HTML Novels-Jane Austin

#View the contents & formatting of the HTML object 
html_novel <- "C:/Data 607/Week7 HW/html_JaneAustin_v2.html"
html_novel<- htmlTreeParse(html_novel , error=function(...){}, useInternalNodes = TRUE)
html_novel
## <!DOCTYPE html PUBLIC "-//W3C//DTD HTML 4.0 Transitional//EN" "http://www.w3.org/TR/REC-html40/loose.dtd">
## <html><body>
## <table style="width:100%">
## <tr>
## <th>Title</th>
##     <th colspan="2">Author(s)</th>
##     <th>Year Released</th>
##     <th>Page #</th>
##     <th>Genre</th>
##     <th colspan="2">Main Character(s)</th>
##   </tr>
## <tr>
## <td>Pride and Prejudice</td>
##     <td>Jane Austen</td>
##     <td>-</td>
##     <td>1813</td>
##     <td>432</td>
##     <td>Romance</td>
##     <td>Elizabeth Bennet</td>
##     <td> Mr. Darcy</td>
##   </tr>
## <tr>
## <td>Sense and Sensibility</td>
##     <td>Originally Published Anonymous</td>
##     <td>Jane Austen</td>
##     <td>1811</td>
##     <td>352</td>
##     <td>Romance</td>
##     <td> Elinor Dashwood</td>
##     <td> Marianne Dashwood</td>
##   </tr>
## <tr>
## <td>Emma</td>
##     <td>Jane Austen</td>
##     <td>-</td>
##     <td>1815</td>
##     <td>544</td>
##     <td>Romance</td>
##     <td> Emma Woodhouse</td>
##     <td> Mr. George Knightley </td>
##   </tr>
## </table>
## </body></html>
## 
#Converted the HTML object into a dataframe. Converted all the factor columns into characters & renamed the columns.
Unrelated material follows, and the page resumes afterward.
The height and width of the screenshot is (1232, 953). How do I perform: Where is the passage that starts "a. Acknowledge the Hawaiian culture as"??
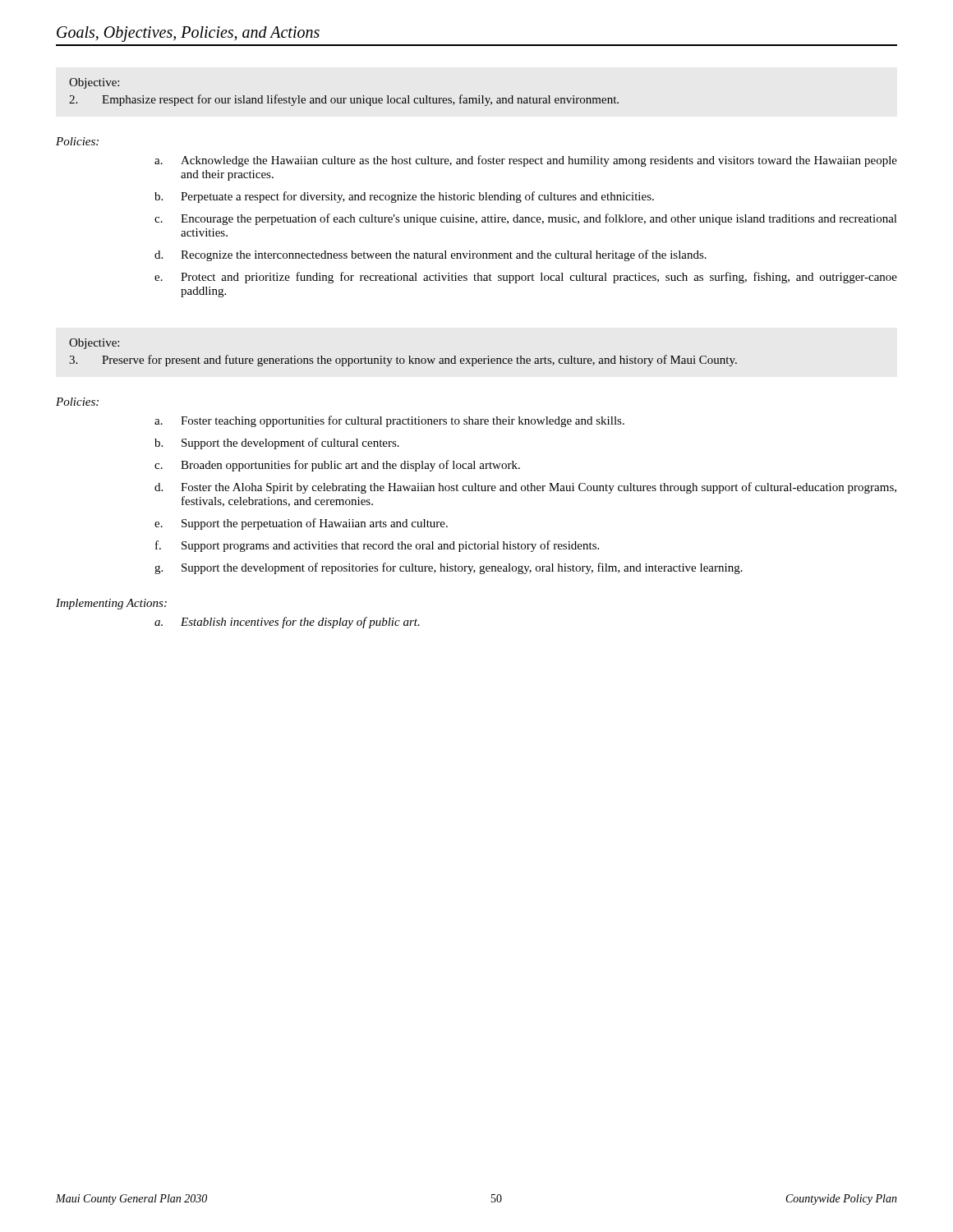(526, 168)

I used the dplyr method. 
html_novel_df <-data.frame(readHTMLTable(html_novel))%>%
  mutate_if(is.factor,as.character)%>%
  rename(Novel = NULL.V1, Author_1 = NULL.V2, Author_2 = NULL.V3, Year_Relased = NULL.V4, Pages =NULL.V5, 
Genre = NULL.V6, Main_Character1 =NULL.V7, Main_Character2 =NULL.V8)

kable(html_novel_df,  caption = "HTML Jane Austin Dataframe")
HTML Jane Austin Dataframe
Novel Author_1 Author_2 Year_Relased Pages Genre Main_Character1 Main_Character2
Pride and Prejudice Jane Austen - 1813 432 Romance Elizabeth Bennet Mr. Darcy
Sense and Sensibility Originally Published Anonymous Jane Austen 1811 352 Romance Elinor Dashwood Marianne Dashwood
Emma Jane Austen - 1815 544 Romance Emma Woodhouse Mr. George Knightley

JSON Novels-Jane Austin

#view the contents/formatting of the JSON object 
json_novel_file <- "C:/Data 607/Week7 HW/json_JaneAustin.json.txt"
json_data <- fromJSON(json_novel_file)
json_data 

$Title [1] “Pride and Prejudice” “Sense and Sensibility” “Emma”

$Author1 [1] “Jane Austin” “Originally Published Anonymously” [3] “Jane Austin”

$Author2 [1] “” “Jane Austin” “”

$Year Released [1] 1813 1811 1815

$Page # [1] 432 352 544

$Genre [1] “Romance” “Romance” “Romance”

$Main Character1 [1] “Elizabeth Bennet” “Elinor Dashwood” “Emma Woodhouse”

$Main Character2 [1] “Mr. Darcy” “Marianne Dashwood” “Mr. George Knightley”

#Converted the json object into a dataframe object.  
json_novel_file <- "C:/Data 607/Week7 HW/json_JaneAustin.json.txt"
json_novel_file <- data.frame(fromJSON(json_novel_file  , flatten=TRUE))%>%
  mutate_if(is.factor,as.character)

kable(json_novel_file,  caption = "JSON Jane Austin Dataframe")
JSON Jane Austin Dataframe
Title Author1 Author2 Year.Released Page.. Genre Main.Character1 Main.Character2
Pride and Prejudice Jane Austin 1813 432 Romance Elizabeth Bennet Mr. Darcy
Sense and Sensibility Originally Published Anonymously Jane Austin 1811 352 Romance Elinor Dashwood Marianne Dashwood
Emma Jane Austin 1815 544 Romance Emma Woodhouse Mr. George Knightley

My Findings: while the three objects store the same information, the ingestion into R required different amounts of effort. For me, JSON was the easiest and most straightforward.